Near-earth microquasar a source of powerful radiation
The Henryk Niewodniczanski Institute of Nuclear Physics Polish Academy of Sciences
image:
Sources of high-energy cosmic rays in the vicinity of the microquasar V4641 Sag, on the left with energies above a teraelectronvolt, on the right – hundreds of teraelectronvolts. The location of the microquasar is marked with a yellow dot.
view moreCredit: IFJ PAN / HAWC
Cracow, 17 October 2024 - Modern astronomy has clung to the belief that the relativistic outflows or jets responsible for the existence of electromagnetic radiation of particularly high energies are located in the nuclei of active galaxies distant from Earth. However, a different picture of reality is emerging from the latest data from the HAWC observatory: also jets launched in astrophysical sources from our own intra-galactic ‘backyard’ turn out to be sources of gamma photons of extremely high energy.

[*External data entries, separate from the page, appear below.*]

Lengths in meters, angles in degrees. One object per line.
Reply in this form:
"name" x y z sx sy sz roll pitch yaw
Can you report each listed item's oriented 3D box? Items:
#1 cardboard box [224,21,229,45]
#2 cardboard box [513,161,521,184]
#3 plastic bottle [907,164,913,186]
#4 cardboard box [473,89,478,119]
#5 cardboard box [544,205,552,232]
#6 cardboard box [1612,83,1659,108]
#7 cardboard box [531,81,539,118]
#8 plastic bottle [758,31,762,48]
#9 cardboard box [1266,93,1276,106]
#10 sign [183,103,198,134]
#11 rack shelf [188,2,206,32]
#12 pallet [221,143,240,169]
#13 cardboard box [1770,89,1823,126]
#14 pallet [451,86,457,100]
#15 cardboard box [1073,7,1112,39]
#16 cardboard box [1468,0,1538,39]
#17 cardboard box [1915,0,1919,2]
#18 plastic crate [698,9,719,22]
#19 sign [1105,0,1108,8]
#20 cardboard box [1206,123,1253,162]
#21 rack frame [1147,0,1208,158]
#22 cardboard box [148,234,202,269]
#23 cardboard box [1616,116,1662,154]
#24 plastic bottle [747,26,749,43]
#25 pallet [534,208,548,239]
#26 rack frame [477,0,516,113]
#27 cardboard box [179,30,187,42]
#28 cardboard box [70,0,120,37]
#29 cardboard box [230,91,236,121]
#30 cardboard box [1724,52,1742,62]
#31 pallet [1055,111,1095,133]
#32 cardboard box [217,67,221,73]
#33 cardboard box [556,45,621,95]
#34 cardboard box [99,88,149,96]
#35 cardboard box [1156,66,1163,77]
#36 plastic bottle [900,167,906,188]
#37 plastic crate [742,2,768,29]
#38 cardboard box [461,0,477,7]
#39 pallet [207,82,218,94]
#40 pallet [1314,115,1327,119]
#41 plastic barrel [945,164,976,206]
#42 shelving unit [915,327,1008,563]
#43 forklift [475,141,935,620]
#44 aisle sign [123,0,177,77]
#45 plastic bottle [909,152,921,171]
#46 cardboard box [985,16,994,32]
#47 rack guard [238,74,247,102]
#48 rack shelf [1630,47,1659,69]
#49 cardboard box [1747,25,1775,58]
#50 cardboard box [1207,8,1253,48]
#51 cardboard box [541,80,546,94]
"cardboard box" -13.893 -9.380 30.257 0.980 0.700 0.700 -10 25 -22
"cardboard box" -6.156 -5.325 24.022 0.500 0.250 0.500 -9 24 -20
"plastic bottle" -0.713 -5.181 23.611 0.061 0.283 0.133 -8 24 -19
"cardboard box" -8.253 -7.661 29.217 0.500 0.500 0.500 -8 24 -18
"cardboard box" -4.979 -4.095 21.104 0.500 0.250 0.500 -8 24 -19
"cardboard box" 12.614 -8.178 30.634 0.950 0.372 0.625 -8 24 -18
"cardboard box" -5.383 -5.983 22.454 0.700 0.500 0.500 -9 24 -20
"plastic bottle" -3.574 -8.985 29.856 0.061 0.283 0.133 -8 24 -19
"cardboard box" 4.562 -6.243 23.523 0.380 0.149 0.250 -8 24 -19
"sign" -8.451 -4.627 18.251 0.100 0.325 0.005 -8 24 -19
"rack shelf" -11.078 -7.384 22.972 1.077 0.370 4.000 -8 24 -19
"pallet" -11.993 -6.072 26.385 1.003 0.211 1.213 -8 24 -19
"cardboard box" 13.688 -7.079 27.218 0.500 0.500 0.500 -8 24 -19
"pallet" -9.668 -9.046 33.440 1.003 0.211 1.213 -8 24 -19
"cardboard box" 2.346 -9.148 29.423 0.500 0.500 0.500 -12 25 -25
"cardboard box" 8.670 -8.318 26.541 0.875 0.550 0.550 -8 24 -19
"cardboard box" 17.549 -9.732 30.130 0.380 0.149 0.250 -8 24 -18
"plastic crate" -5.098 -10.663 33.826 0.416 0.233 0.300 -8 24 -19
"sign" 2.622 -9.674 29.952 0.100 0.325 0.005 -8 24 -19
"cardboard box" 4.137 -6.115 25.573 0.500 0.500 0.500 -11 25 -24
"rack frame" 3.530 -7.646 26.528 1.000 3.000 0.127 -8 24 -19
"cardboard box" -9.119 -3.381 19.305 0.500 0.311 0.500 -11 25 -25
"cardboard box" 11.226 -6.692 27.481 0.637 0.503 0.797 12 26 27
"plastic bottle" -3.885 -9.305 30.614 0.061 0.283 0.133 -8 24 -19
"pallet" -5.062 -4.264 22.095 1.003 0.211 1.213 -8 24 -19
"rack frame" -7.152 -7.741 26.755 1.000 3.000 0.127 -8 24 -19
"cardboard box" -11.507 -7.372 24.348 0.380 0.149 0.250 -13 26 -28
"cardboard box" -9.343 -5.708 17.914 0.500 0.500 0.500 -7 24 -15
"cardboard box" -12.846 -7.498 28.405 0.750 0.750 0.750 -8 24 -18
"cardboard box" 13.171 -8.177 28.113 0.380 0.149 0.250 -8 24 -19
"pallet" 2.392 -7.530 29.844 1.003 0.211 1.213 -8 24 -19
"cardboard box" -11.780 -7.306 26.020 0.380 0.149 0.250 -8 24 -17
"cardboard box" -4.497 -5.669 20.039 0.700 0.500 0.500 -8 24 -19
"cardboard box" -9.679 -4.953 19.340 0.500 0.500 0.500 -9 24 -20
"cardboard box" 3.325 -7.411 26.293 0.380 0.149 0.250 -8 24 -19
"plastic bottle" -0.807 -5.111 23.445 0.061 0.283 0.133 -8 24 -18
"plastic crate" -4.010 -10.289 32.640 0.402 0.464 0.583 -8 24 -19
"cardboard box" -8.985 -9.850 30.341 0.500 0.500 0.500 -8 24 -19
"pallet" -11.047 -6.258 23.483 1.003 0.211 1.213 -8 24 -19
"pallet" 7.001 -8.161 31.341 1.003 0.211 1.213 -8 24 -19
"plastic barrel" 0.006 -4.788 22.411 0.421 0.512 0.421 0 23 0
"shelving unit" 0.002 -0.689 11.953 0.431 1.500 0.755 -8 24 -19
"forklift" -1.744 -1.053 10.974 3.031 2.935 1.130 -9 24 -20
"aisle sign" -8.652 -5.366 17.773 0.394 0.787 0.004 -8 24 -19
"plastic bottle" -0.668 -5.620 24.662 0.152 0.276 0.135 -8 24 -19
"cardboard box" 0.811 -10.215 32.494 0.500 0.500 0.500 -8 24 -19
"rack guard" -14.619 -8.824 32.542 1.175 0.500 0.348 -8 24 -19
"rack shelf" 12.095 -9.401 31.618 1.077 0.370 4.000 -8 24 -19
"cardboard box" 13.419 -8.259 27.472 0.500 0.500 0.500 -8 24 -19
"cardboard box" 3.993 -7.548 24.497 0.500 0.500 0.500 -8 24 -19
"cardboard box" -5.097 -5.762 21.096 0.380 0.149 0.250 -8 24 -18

Electromagnetic radiation of extremely high energies is produced not only in the jets launched in active nuclei of distant galaxies, but also in jet-launching objects lying within the Milky Way, called microquasars. This latest finding by scientists from the international High-Altitude Water Cherenkov Gamma-Ray Observatory (HAWC) radically changes the previous understanding of the mechanisms responsible for the formation of ultra-high-energy cosmic radiation and in practice marks a revolution in its further study.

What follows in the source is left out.